As explained above, according to the magnetic bubble memory device of the present invention, the width of variation in the upper limit value and lower limit value of the pulse phase after the magnetic bubble memory chip is incorporated into the memory device is reduced, and the apparent pulse phase margin is An extremely excellent effect can be obtained in which the amount of decrease in is brought close to zero, and the phase margin width of the operating pulse in the stable operating region can be greatly expanded.

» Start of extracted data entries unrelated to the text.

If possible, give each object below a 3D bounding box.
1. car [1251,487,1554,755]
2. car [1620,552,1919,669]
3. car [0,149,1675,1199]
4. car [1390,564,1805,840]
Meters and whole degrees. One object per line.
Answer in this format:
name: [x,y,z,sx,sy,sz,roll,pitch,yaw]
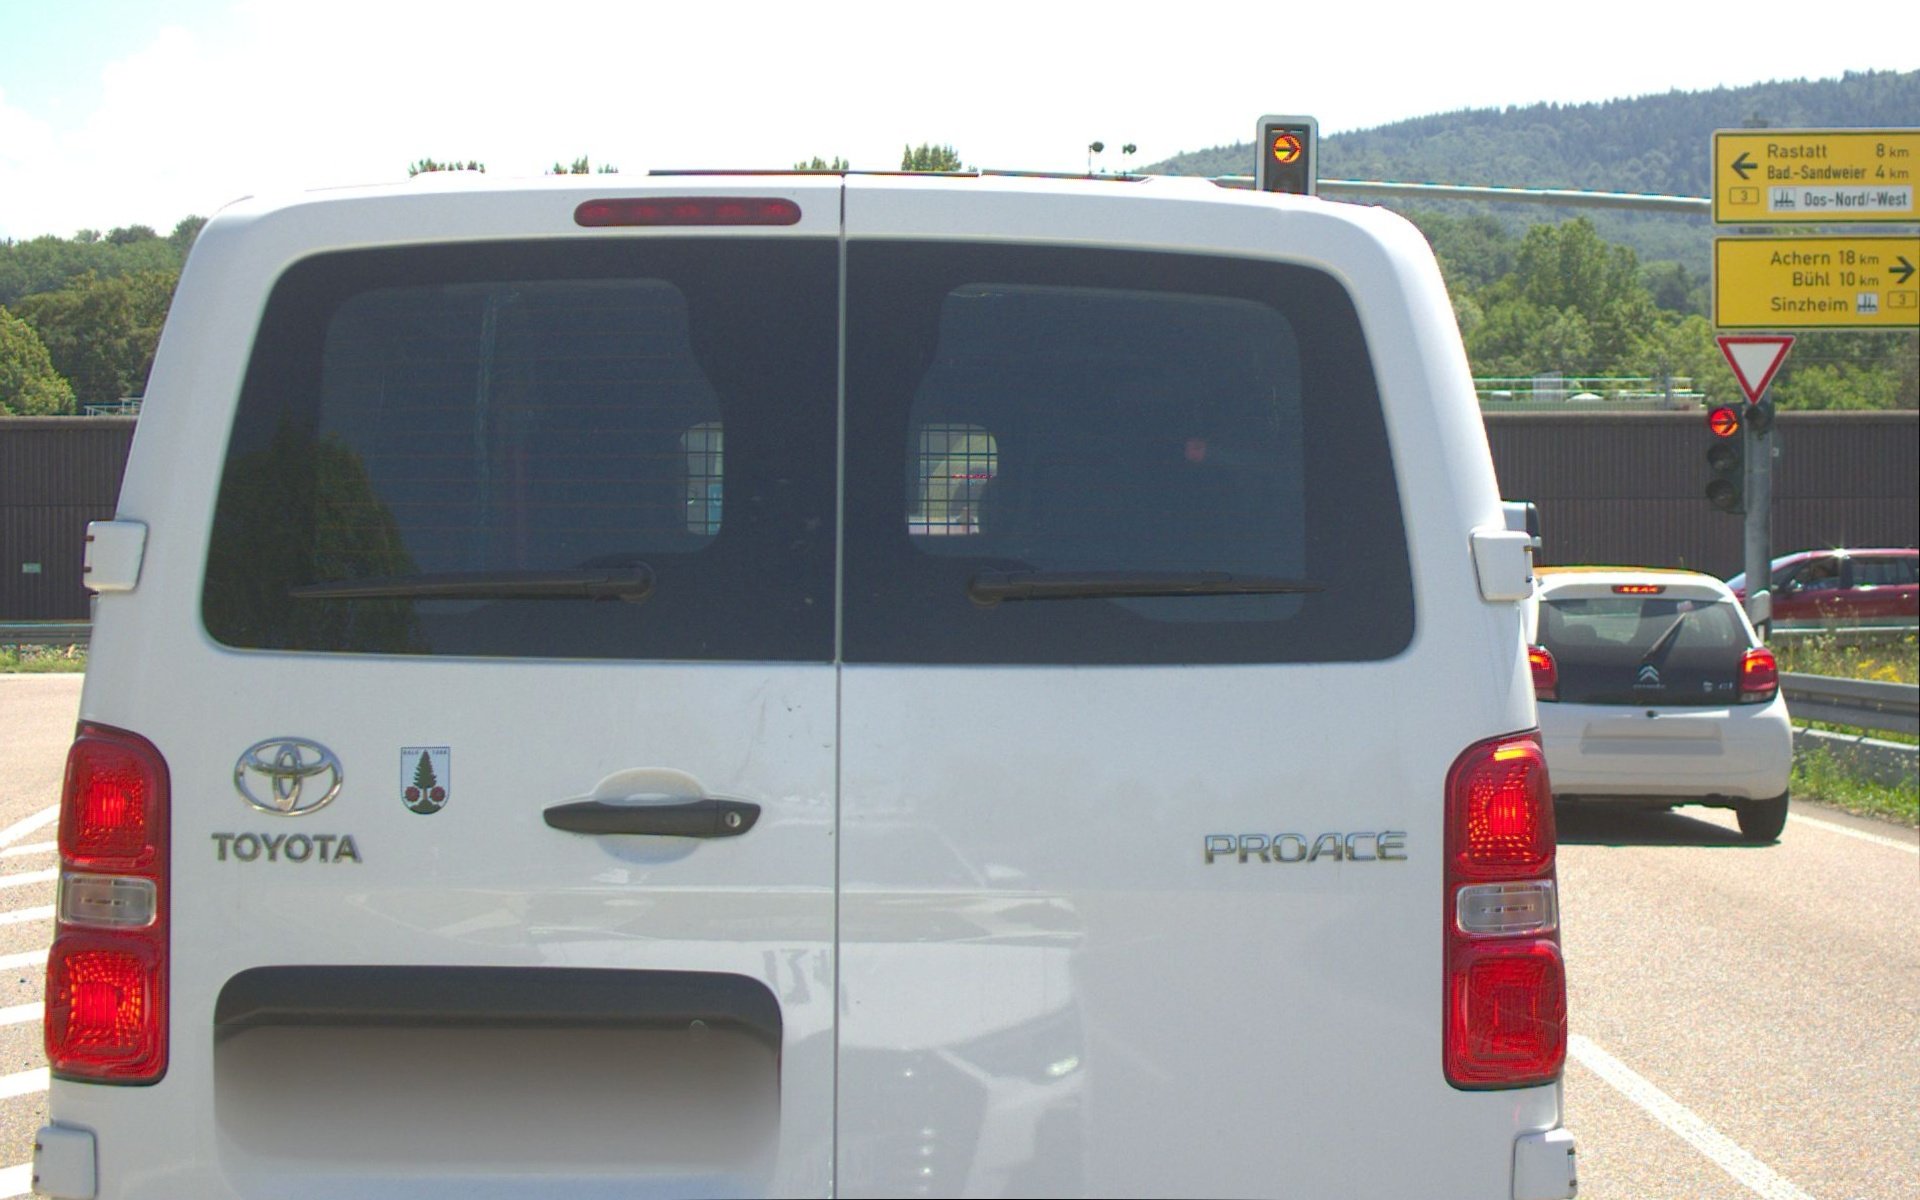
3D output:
car: [3.526,0.132,28.210,1.928,1.993,4.837,1,1,1]
car: [11.948,0.136,49.834,4.309,1.651,2.000,0,1,-3]
car: [-0.222,0.445,5.704,1.886,1.880,4.000,1,1,-1]
car: [3.546,0.517,19.656,1.656,1.426,3.366,1,1,-1]

[Brief explanation of drawings]

FIG. 1 is a diagram showing an example of an operational configuration diagram of a magnetic bubble memory device. FIG. 2 is a diagram showing an example of the phase margin of the operating pulse current, FIG. 3 is a diagram showing an example of variation in the phase margin, and FIGS. 4a, b to 8 illustrate the magnetic bubble memory device according to the present invention. This is a diagram for 1...Magnetic bubble memory chip, 2...
・Permanent magnet, 3...magnetic shunt plate, 4...X
Coil, 5...Y coil, 6...Spacer.

Claims (1)

[Claims] 1. A magnetic bubble memory chip, a rotating magnetic field generating circuit that applies a horizontal rotating magnetic field to the magnetic bubble memory chip,
A magnetic bubble memory comprising: a bias magnetic field generation circuit that applies a direct current magnetic field perpendicular to the magnetic bubble memory chip; and an operation pulse current generation circuit that supplies operation pulses that cause the magnetic bubble memory chip to generate, transfer, and divide magnetic bubbles. 1. A magnetic bubble memory device, wherein a median value of a phase margin of at least some of the operating pulses is set to a value near a start/stop direction of the rotating magnetic field or a direction opposite thereto. 2. The magnetic bubble memory according to claim 1, wherein the median value of the operation pulse having a narrow pulse phase margin width is set to a value near the start/stop direction of the rotating magnetic field. Device.